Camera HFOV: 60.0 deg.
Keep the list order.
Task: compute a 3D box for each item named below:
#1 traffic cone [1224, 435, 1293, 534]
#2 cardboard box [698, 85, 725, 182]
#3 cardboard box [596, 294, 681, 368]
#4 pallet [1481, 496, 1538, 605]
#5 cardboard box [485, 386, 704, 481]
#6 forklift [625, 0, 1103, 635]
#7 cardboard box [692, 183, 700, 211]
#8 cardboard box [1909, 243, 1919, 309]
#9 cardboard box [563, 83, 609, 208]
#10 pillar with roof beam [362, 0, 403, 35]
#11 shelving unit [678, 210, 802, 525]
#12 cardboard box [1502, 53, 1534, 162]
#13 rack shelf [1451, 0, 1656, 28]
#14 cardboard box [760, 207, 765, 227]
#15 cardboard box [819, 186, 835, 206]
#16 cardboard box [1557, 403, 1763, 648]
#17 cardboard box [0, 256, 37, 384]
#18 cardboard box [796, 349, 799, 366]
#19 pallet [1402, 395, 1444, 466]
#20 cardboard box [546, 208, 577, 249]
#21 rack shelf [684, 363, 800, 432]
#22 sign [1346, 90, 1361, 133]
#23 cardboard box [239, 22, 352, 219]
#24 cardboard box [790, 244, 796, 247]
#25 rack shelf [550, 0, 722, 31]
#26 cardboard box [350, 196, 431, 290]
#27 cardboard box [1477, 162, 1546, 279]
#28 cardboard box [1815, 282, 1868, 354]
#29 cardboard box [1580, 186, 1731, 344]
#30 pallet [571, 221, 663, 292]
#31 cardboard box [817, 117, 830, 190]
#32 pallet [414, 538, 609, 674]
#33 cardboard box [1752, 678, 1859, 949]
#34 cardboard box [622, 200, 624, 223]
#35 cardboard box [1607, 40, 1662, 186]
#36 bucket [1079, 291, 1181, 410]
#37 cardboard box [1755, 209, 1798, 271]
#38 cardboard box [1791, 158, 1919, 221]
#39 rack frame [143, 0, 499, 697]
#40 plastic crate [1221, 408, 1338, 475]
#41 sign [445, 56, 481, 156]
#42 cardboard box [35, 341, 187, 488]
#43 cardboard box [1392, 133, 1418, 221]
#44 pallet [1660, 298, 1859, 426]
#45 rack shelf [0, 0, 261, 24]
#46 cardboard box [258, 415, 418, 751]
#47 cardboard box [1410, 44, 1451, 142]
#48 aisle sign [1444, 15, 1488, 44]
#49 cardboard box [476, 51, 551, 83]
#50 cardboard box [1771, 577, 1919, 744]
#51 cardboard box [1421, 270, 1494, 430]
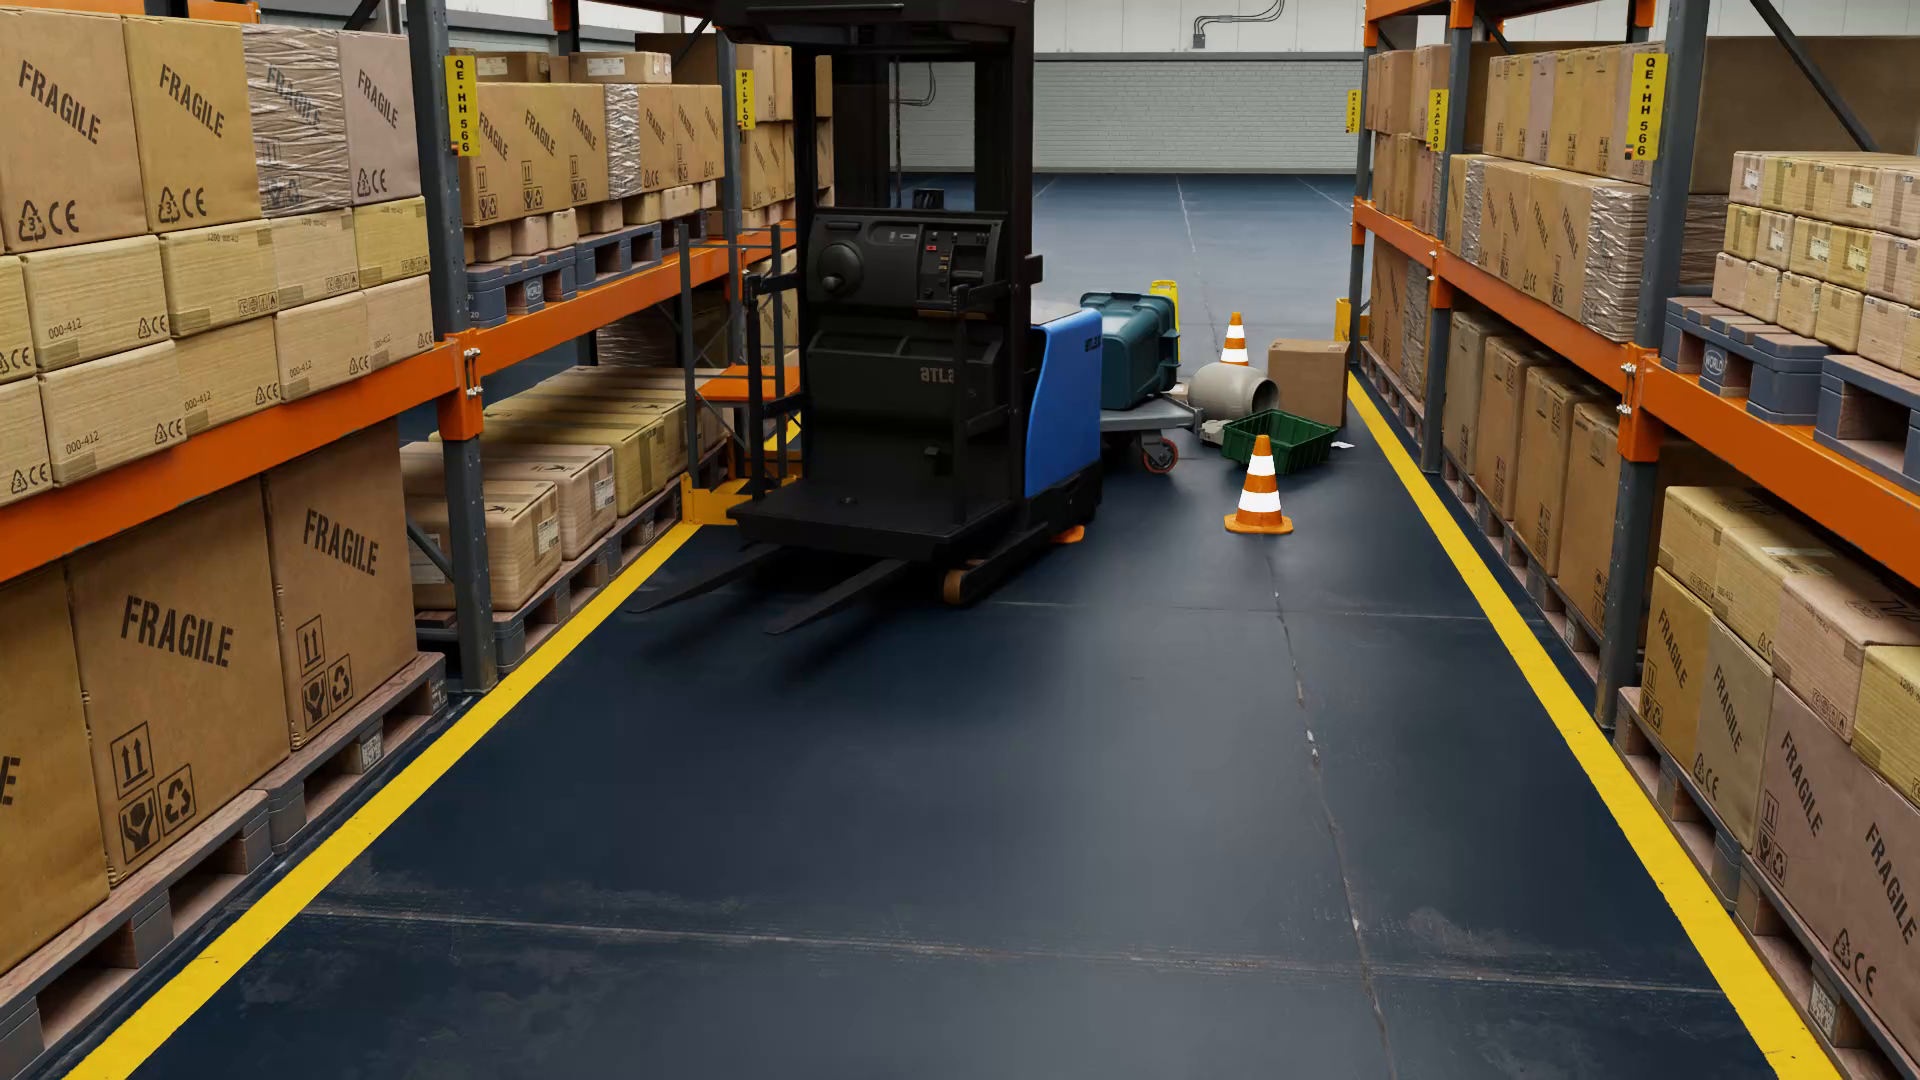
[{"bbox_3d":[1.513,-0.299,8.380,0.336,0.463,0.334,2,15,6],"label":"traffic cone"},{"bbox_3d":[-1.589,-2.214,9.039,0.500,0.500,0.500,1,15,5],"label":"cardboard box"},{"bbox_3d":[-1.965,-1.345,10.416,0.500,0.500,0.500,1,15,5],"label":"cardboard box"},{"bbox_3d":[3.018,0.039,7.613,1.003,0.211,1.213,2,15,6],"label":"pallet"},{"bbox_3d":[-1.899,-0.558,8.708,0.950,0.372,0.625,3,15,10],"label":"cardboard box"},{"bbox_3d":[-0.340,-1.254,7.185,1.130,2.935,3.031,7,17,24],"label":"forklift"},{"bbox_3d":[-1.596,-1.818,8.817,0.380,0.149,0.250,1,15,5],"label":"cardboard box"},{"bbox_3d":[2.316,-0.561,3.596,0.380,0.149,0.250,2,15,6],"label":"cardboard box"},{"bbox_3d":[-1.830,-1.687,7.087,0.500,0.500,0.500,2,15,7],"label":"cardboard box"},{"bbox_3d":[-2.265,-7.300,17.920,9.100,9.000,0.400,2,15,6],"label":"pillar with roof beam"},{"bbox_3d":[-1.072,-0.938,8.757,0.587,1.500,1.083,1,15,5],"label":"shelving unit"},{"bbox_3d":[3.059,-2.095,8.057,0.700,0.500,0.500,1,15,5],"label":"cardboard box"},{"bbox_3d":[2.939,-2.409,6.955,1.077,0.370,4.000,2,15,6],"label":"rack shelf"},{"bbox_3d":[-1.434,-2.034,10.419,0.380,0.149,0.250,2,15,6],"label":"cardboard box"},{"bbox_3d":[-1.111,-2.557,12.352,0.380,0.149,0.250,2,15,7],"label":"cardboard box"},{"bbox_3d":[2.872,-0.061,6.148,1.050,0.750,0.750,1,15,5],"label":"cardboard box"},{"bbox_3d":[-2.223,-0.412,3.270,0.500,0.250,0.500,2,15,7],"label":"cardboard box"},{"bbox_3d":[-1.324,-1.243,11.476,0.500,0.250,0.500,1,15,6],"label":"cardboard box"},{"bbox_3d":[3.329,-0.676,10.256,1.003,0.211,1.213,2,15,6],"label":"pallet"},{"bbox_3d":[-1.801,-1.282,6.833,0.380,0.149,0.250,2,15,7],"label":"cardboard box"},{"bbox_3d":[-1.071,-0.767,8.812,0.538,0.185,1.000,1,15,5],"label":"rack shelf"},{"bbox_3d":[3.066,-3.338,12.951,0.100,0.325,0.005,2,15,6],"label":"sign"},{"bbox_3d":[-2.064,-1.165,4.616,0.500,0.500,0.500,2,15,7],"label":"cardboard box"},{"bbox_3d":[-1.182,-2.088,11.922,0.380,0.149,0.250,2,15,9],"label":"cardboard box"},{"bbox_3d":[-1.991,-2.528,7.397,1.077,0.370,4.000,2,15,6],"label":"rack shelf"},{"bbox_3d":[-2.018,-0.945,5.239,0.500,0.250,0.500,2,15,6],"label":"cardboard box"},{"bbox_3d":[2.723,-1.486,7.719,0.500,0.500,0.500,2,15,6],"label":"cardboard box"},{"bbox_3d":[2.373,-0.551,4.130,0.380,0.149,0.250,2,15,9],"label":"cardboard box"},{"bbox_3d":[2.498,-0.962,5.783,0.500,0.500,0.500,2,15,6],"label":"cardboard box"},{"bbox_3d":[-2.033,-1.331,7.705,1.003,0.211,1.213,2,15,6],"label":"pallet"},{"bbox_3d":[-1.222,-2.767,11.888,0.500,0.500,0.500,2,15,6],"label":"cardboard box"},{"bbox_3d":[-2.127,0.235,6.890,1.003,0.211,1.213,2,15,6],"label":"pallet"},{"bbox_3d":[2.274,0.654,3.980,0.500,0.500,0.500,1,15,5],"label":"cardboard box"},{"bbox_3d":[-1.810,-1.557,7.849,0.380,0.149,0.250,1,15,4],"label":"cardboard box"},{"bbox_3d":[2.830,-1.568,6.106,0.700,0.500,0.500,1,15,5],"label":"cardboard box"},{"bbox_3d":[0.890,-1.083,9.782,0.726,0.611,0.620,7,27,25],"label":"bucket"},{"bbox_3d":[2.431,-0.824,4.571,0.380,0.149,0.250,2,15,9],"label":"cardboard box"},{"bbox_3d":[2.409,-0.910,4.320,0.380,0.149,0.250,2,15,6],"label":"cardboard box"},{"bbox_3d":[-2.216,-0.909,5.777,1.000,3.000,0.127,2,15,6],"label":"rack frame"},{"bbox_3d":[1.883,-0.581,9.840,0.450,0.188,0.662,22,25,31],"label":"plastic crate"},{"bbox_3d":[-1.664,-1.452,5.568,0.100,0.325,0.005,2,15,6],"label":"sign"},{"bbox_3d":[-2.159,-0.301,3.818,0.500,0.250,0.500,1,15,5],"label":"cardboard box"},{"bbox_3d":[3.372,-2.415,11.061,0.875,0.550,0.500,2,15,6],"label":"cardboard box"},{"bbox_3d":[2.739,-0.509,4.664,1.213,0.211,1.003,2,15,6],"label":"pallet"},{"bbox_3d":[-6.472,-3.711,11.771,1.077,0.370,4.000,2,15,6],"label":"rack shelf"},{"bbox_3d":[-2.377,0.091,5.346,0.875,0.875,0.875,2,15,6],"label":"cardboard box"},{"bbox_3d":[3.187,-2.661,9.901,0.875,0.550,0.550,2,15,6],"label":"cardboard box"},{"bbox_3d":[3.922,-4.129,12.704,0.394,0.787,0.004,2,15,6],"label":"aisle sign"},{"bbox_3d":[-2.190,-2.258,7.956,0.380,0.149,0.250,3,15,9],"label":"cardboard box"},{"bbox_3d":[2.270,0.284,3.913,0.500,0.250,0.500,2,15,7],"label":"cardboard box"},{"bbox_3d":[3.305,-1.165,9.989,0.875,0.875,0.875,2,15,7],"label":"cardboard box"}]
________________
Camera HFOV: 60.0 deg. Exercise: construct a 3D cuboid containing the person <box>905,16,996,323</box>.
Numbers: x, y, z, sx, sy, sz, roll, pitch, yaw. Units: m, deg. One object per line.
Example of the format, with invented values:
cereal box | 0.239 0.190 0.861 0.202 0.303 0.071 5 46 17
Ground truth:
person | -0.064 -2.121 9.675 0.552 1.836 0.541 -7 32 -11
________________
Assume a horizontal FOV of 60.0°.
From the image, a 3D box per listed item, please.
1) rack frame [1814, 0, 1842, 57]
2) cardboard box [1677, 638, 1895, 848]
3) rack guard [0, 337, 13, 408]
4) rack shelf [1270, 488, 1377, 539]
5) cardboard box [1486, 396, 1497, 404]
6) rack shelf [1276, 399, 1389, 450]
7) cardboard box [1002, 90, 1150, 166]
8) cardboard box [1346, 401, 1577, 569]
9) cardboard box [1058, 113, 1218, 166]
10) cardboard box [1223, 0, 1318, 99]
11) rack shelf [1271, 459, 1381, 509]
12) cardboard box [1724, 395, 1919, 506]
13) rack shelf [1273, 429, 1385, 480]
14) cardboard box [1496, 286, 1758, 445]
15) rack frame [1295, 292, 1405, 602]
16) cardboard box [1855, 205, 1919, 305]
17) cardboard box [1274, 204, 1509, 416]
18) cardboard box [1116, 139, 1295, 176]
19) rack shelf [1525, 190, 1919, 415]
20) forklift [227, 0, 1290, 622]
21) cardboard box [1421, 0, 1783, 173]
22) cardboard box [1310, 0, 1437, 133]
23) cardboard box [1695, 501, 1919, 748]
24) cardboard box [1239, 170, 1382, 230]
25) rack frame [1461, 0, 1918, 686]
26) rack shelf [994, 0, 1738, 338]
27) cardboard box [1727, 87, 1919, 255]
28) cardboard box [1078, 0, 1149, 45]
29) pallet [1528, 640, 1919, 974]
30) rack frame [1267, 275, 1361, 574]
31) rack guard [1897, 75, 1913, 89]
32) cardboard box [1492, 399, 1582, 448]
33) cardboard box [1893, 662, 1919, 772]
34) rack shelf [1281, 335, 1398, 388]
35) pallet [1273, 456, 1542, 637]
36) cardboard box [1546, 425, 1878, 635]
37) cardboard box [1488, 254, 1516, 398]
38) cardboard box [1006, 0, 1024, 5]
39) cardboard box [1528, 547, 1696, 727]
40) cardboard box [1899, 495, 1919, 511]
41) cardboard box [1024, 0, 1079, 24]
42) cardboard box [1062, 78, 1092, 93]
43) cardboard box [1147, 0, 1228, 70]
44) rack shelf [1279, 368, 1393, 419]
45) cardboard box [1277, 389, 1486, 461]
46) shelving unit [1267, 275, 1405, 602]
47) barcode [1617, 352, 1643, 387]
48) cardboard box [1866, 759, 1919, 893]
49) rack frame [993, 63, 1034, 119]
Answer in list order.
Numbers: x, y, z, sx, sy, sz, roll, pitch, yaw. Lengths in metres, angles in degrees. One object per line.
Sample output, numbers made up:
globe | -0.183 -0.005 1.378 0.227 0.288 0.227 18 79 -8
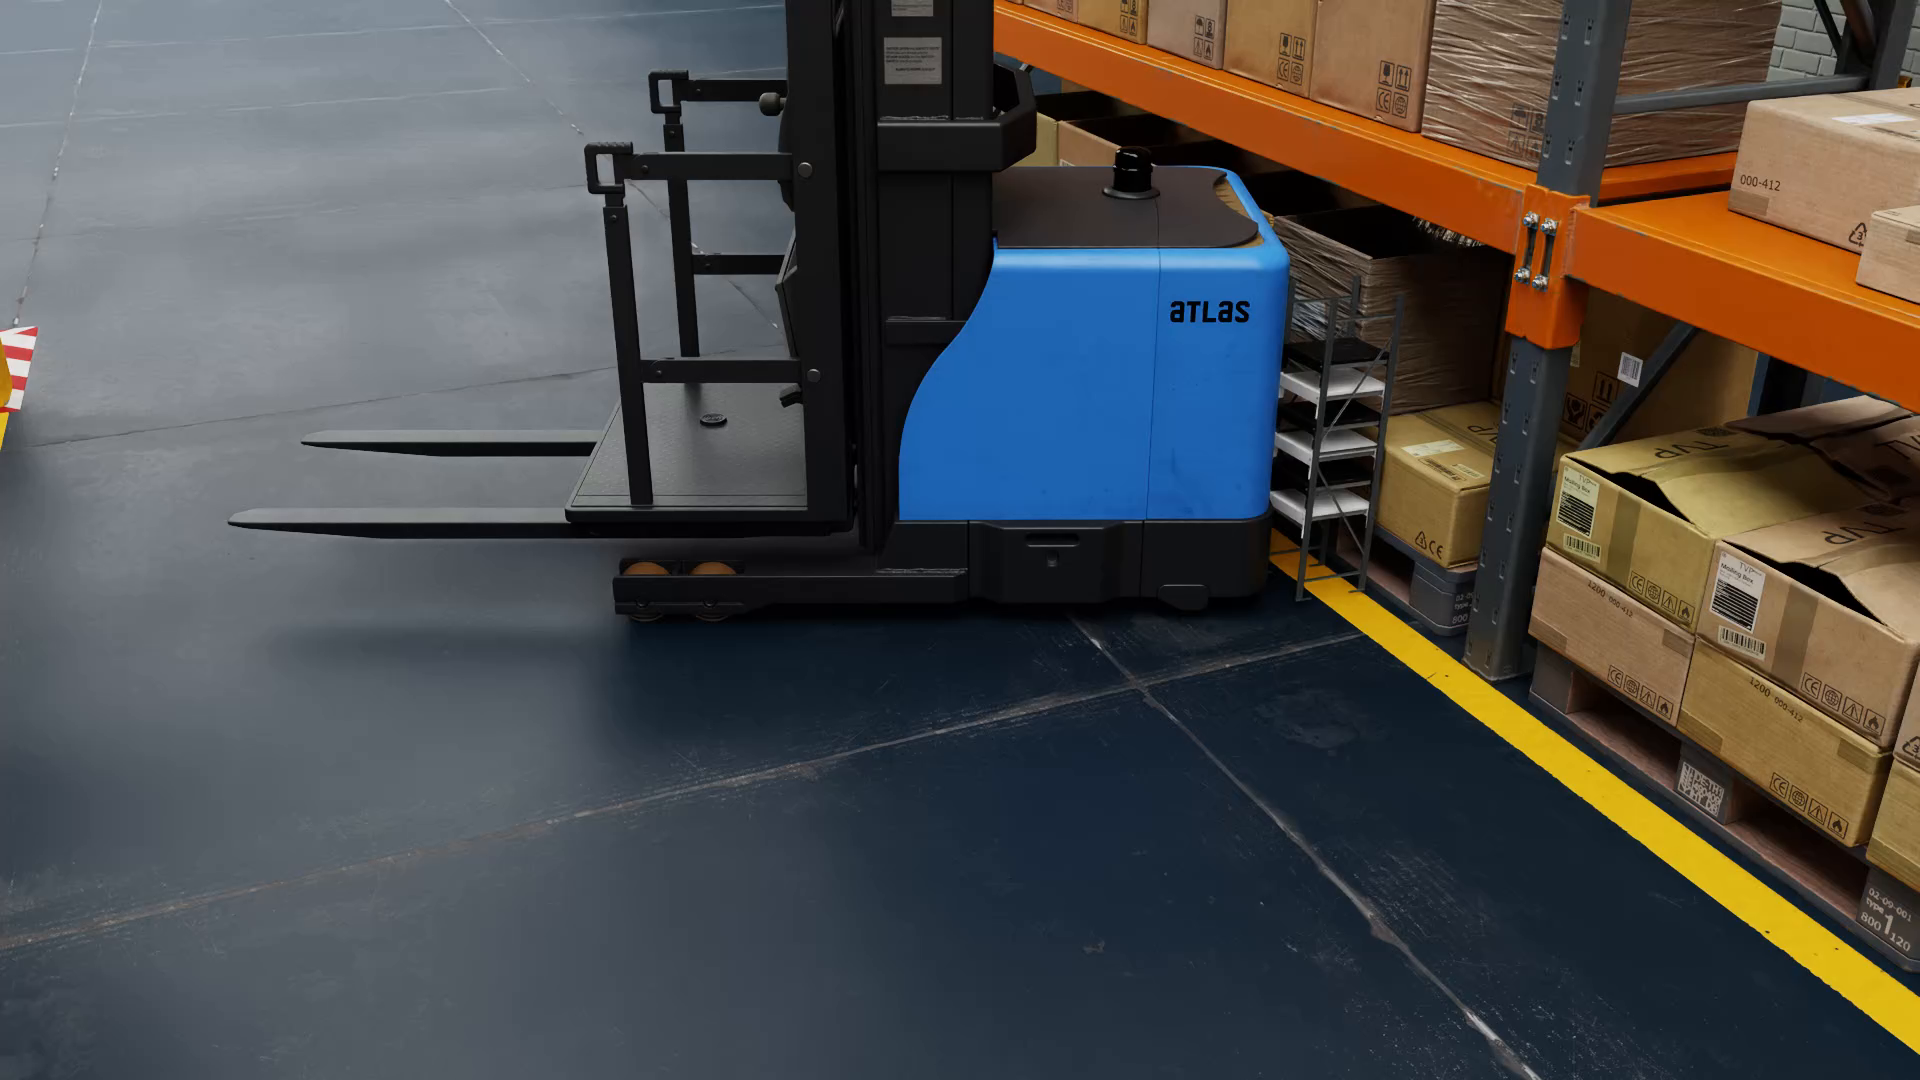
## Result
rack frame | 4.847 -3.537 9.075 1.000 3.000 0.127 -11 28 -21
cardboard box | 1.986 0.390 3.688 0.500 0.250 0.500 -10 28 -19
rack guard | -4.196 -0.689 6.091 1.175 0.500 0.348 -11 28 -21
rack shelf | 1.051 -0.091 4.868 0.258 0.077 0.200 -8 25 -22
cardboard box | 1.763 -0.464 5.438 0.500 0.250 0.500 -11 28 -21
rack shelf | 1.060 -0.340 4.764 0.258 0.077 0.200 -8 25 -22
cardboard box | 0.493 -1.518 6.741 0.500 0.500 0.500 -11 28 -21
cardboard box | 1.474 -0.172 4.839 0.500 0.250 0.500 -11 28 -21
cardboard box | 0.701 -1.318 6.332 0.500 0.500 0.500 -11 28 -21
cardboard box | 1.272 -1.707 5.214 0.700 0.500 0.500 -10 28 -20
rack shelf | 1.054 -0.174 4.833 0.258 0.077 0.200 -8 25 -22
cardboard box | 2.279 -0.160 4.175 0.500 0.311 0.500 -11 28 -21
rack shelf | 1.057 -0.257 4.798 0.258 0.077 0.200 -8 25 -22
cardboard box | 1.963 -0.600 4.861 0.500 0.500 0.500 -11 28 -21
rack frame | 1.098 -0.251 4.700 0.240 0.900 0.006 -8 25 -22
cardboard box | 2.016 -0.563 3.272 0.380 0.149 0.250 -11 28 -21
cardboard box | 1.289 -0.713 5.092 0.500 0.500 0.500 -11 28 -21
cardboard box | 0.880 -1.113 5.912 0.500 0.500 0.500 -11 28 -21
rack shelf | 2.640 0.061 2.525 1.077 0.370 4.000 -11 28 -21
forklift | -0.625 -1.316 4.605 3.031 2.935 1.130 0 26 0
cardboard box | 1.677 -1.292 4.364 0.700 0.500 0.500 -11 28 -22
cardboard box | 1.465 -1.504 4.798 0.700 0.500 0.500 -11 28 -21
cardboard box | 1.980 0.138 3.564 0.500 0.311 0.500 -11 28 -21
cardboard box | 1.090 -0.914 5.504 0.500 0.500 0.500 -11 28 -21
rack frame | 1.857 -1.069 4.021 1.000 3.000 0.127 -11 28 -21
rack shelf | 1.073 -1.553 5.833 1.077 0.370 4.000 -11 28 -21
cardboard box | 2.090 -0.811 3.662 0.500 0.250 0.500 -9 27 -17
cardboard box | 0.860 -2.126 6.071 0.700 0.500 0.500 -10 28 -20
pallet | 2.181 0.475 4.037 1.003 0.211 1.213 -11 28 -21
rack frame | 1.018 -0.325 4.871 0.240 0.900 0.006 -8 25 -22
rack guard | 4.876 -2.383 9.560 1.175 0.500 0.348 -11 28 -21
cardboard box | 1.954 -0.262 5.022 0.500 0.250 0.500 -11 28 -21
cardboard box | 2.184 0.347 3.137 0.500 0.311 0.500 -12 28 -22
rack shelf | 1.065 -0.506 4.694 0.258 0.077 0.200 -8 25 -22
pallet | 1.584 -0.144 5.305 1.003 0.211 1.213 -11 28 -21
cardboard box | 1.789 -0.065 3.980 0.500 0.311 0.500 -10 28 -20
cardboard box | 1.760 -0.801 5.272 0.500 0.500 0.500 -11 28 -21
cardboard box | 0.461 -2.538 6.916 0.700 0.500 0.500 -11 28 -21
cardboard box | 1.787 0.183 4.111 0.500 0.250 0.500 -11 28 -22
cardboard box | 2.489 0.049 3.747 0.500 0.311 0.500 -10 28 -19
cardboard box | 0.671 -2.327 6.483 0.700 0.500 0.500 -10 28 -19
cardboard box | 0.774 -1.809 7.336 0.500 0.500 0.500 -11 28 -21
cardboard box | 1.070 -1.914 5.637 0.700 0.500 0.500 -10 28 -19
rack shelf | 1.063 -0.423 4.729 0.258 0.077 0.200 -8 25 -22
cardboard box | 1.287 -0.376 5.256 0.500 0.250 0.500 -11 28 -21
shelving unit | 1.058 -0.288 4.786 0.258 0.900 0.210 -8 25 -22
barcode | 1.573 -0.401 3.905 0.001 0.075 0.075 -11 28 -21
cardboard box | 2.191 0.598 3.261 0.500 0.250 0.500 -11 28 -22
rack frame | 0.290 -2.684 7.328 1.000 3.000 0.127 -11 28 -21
________________
Go through the entries above and copy every line containing "Camera".

Camera HFOV: 60.0 deg.
Camera HFOV: 60.0 deg. Exercise: construct a 3D cuboid containing the person <box>905,16,996,323</box>.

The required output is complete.